On the other hand, the technical process of seismic attribute analysis based on the rock physics model is an attempt to follow the theoretical response analysis of the rock physics model. The results show that this approach is better than conventional seismic attributes. However, this is not applicable to all work areas. This requires that the selected reference layer has stable physical properties. If the work area is large, this may not be achievable. Nevertheless, the corresponding research ideas can be further expanded. We can use the seismic response of tight sand forward modeling, incorporating specific factors, such as thin shale layers and cracks, as a waveforms dictionary. Then, we can use increasingly mature artificial intelligence technology to match the actual seismic response to more accurately and quantitatively explain the details behind the waveform.

6 Conclusions

This study focuses on the previously neglected thin shale beds within tight sand below the log observation scale.
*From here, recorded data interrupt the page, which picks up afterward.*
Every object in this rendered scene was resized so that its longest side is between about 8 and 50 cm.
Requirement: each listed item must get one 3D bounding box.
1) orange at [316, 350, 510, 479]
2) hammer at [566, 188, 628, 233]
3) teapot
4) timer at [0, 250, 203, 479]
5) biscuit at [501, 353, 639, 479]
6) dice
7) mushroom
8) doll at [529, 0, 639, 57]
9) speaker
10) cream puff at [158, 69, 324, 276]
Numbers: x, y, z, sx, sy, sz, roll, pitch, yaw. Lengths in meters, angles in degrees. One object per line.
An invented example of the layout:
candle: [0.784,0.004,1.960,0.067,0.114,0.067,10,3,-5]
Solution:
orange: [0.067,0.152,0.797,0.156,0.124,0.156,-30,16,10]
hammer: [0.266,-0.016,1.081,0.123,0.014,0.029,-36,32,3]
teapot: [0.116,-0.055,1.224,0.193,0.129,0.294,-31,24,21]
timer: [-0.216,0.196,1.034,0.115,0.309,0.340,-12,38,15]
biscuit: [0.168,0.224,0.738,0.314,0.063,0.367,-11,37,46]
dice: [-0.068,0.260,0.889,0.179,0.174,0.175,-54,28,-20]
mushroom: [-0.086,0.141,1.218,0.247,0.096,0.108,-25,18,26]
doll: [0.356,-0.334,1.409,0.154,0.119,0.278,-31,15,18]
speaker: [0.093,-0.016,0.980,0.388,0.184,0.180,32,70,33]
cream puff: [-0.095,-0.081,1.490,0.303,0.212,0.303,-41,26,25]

Our rock physics model analysis demonstrates that both fractures and thin shale beds within tight sand influence dynamic elastic parameters similarly. We found that porosity significantly affects the elastic and anisotropy parameters of fractures more than it does for thin shale beds. However, subsequent forward modeling further demonstrated that certain tight sands containing fractures exhibit similar responses to those containing thin shale beds. Therefore, relying solely on fracture models can result in errors for tight sands containing thin shale beds. To address this issue, our new model integrates two types of anisotropy: fracture anisotropy and shale anisotropy models. The new model achieves better results in tight sands with thin shale beds compared to the Hudson model.
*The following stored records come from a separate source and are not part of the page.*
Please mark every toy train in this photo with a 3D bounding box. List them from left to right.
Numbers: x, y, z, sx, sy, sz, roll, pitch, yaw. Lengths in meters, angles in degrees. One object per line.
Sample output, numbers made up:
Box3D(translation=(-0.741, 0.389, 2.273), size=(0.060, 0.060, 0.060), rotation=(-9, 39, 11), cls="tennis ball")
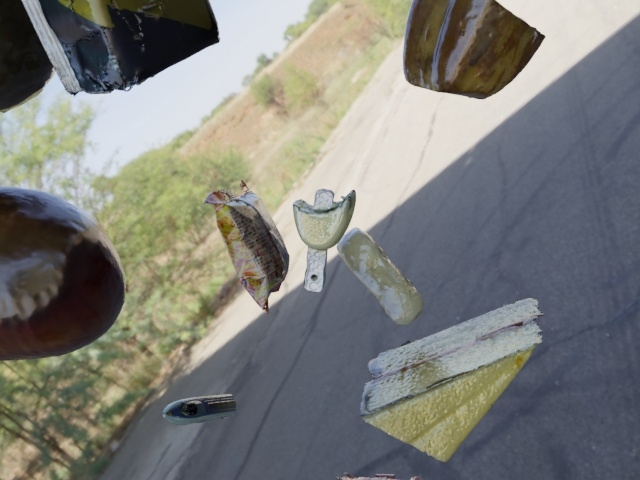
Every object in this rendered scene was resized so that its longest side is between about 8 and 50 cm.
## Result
Box3D(translation=(-0.252, 0.358, 1.441), size=(0.048, 0.055, 0.252), rotation=(-14, -13, 16), cls="toy train")

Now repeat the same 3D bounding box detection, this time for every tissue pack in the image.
Box3D(translation=(-0.382, -0.486, 1.180), size=(0.253, 0.417, 0.264), rotation=(7, 35, 38), cls="tissue pack")

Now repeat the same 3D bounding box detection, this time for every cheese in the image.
Box3D(translation=(0.000, 0.000, 1.402), size=(0.050, 0.127, 0.235), rotation=(-67, -16, -65), cls="cheese")
Box3D(translation=(0.141, 0.082, 1.606), size=(0.093, 0.263, 0.159), rotation=(-40, -9, 1), cls="cheese")

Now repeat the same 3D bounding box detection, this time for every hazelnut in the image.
Box3D(translation=(-0.608, 0.084, 1.397), size=(0.421, 0.421, 0.353), rotation=(-41, 34, 27), cls="hazelnut")

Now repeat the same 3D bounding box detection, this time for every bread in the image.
Box3D(translation=(0.293, 0.241, 1.477), size=(0.405, 0.242, 0.346), rotation=(-53, 1, 3), cls="bread")

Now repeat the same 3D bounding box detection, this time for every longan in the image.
Box3D(translation=(-0.720, -0.440, 1.366), size=(0.391, 0.391, 0.391), rotation=(-44, 11, 10), cls="longan")

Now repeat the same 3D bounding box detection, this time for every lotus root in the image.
Box3D(translation=(0.341, -0.423, 1.503), size=(0.316, 0.316, 0.250), rotation=(-82, 14, -73), cls="lotus root")

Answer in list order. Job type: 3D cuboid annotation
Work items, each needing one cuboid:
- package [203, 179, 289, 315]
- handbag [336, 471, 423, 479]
Box3D(translation=(-0.143, 0.006, 1.531), size=(0.108, 0.288, 0.223), rotation=(-18, 9, 13), cls="package")
Box3D(translation=(0.095, 0.421, 0.931), size=(0.116, 0.179, 0.205), rotation=(-14, 42, 16), cls="handbag")

In our rock physical analysis, we found that pre-stack seismic data could distinguish between fractures and thin shale beds. However, in practical workflows, post-stack seismic data are more widely used due to their convenience. To identify fractures using post-stack data, we further analyzed the physical properties of this complex sand, significantly simplifying the workflow. Fortunately, complex sand has insufficient porosity. We also found that, the greater the porosity, the more distinct the difference between fractures and thin shale beds. As a result, we regarded the aspect ratio of the waveform as a new seismic attribute and applied it to the region. The results show that the new attribute aligns closely with fault distribution and can effectively characterize fracture distribution in tight sand.
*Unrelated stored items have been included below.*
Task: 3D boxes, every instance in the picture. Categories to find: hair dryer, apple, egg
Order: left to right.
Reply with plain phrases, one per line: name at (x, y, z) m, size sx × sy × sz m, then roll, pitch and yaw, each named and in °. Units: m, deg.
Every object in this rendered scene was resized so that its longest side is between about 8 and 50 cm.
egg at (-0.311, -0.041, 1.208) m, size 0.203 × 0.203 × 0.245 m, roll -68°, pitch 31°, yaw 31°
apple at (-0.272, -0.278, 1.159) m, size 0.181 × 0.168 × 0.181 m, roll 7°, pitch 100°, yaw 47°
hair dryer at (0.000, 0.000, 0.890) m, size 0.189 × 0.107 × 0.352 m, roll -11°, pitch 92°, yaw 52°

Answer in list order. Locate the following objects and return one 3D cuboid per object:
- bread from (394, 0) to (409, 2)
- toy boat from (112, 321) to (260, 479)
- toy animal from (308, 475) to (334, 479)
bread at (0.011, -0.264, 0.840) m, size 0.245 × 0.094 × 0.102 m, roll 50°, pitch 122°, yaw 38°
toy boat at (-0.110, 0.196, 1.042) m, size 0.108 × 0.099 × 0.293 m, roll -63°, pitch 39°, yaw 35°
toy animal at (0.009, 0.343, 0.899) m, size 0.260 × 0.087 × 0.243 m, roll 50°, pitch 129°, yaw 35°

Our application and analysis demonstrate the effectiveness of the developed hybrid rock physics model in identifying thin shale beds and fractures, with advantages over conventional methods. However, our model has limitations, including the dip of fractures, the presence of organic matter within shale, and other microscopic factors that may affect its accuracy in describing the elastic parameters of specific fractures and shales. Future research should conduct microscopic experiments on this type of tight sand, optimize the model, enhance its adaptability to tight sands with different microstructures, and explore more practical application scenarios to enhance the potential and practical significance of the research results.